> [GIVEN DATA]
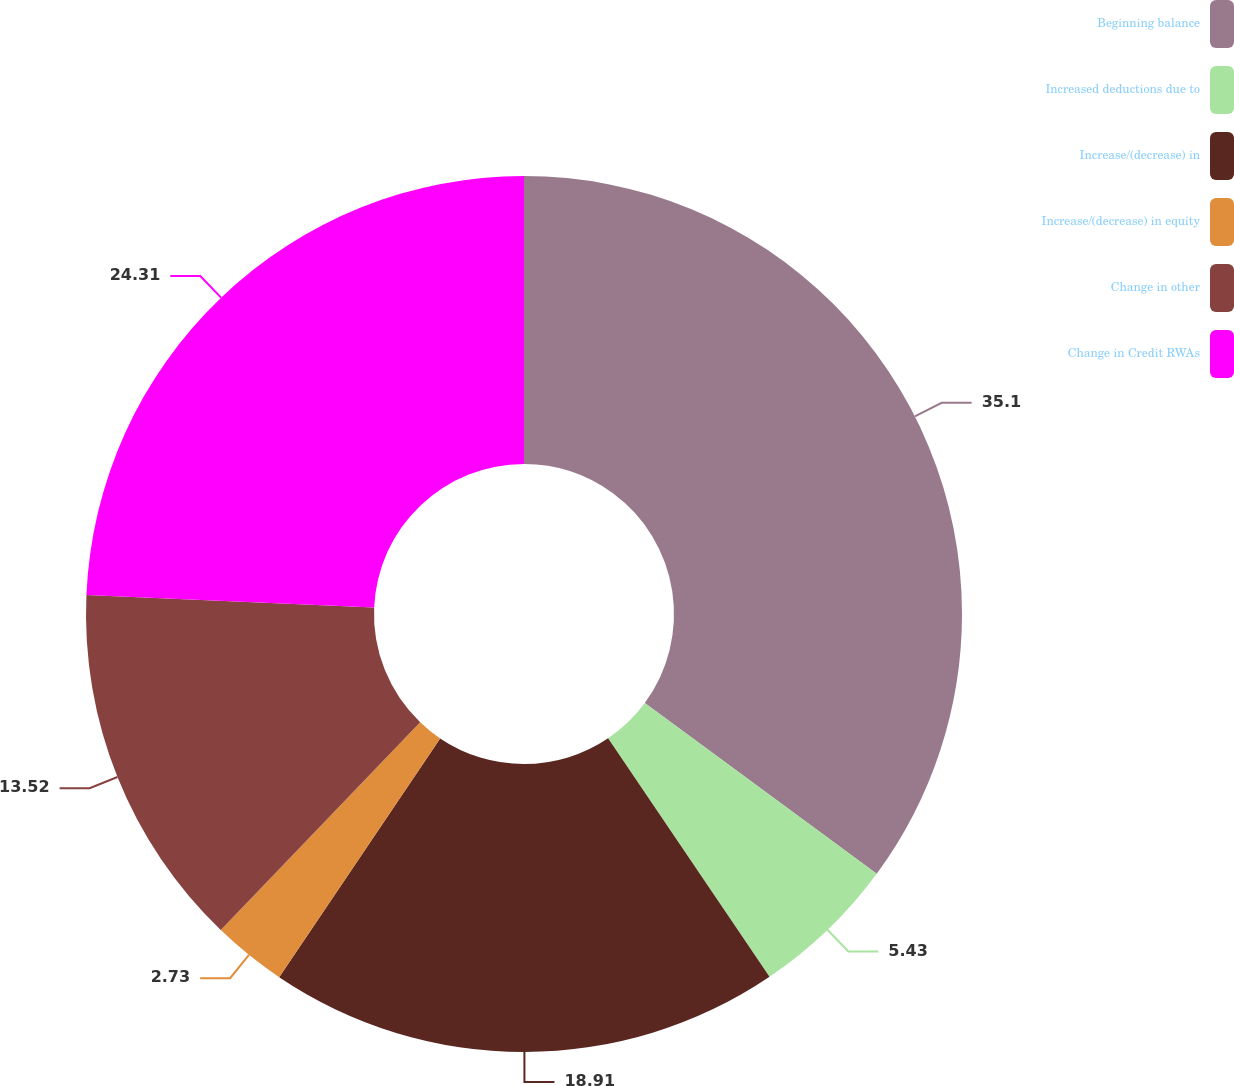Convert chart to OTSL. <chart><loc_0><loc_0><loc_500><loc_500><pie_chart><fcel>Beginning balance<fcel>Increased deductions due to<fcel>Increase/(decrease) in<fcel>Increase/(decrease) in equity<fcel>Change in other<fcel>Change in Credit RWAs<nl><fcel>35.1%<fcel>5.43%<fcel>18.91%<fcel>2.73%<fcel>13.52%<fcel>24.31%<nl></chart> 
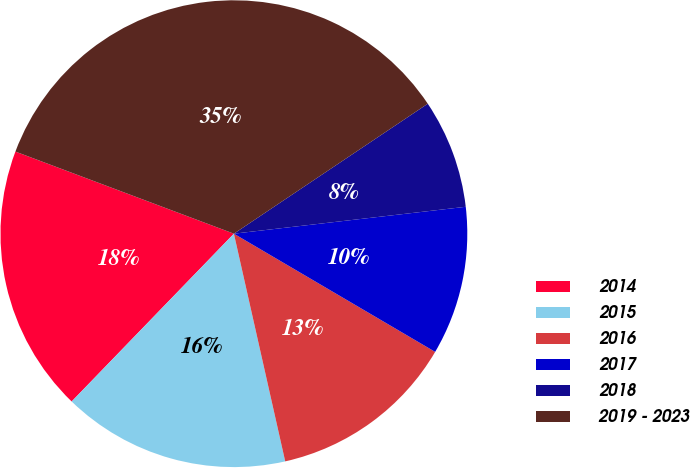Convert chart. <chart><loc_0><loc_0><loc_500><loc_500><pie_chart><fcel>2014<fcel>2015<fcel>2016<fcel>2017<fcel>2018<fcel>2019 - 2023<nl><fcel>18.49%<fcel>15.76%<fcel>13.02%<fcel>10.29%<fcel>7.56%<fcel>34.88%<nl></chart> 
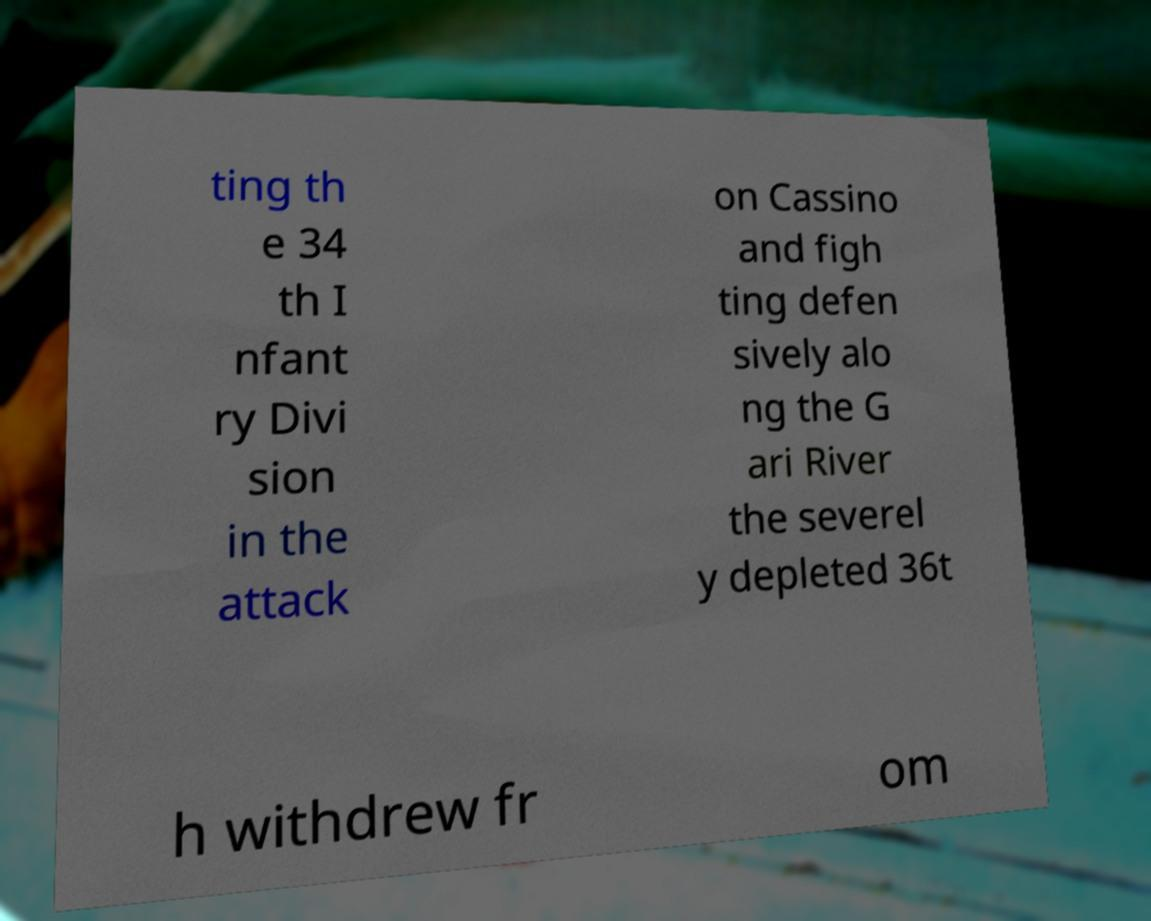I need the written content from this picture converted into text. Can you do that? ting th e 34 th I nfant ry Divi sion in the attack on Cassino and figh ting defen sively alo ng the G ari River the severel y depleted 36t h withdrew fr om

--

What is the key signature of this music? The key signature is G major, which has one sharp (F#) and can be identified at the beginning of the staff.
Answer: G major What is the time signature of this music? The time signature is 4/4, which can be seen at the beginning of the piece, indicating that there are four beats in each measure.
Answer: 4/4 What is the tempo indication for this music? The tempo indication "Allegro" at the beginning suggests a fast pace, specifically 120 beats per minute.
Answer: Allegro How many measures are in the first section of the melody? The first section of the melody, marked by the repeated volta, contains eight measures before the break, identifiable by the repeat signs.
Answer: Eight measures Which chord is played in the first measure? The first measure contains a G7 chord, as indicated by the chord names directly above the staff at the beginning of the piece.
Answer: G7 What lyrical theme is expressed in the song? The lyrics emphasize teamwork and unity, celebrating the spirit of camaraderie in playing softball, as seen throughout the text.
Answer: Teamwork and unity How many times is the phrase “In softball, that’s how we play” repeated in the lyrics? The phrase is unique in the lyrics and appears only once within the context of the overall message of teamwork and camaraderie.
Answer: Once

==

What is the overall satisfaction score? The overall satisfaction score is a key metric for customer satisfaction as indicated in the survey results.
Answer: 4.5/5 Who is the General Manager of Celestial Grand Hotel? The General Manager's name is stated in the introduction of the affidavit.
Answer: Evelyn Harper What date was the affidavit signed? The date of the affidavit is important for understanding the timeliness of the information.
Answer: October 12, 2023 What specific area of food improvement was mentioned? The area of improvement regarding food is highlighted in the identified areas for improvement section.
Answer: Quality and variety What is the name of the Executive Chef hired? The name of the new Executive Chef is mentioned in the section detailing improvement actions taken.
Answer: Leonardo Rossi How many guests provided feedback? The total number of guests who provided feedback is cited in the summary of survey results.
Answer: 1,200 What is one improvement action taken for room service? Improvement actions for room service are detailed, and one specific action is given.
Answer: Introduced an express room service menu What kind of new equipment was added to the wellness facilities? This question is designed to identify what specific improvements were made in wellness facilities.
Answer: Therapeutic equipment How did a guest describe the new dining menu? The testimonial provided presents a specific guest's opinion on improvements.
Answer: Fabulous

> [WORK REQUEST]
Would you print exactly, and only, the lines of the data above from the line with "What is the overall" through the line with "Answer: Leonardo Rossi", inclusive?

> [EXERCISE RESULT]
What is the overall satisfaction score? The overall satisfaction score is a key metric for customer satisfaction as indicated in the survey results.
Answer: 4.5/5 Who is the General Manager of Celestial Grand Hotel? The General Manager's name is stated in the introduction of the affidavit.
Answer: Evelyn Harper What date was the affidavit signed? The date of the affidavit is important for understanding the timeliness of the information.
Answer: October 12, 2023 What specific area of food improvement was mentioned? The area of improvement regarding food is highlighted in the identified areas for improvement section.
Answer: Quality and variety What is the name of the Executive Chef hired? The name of the new Executive Chef is mentioned in the section detailing improvement actions taken.
Answer: Leonardo Rossi How many guests provided feedback? The total number of guests who provided feedback is cited in the summary of survey results.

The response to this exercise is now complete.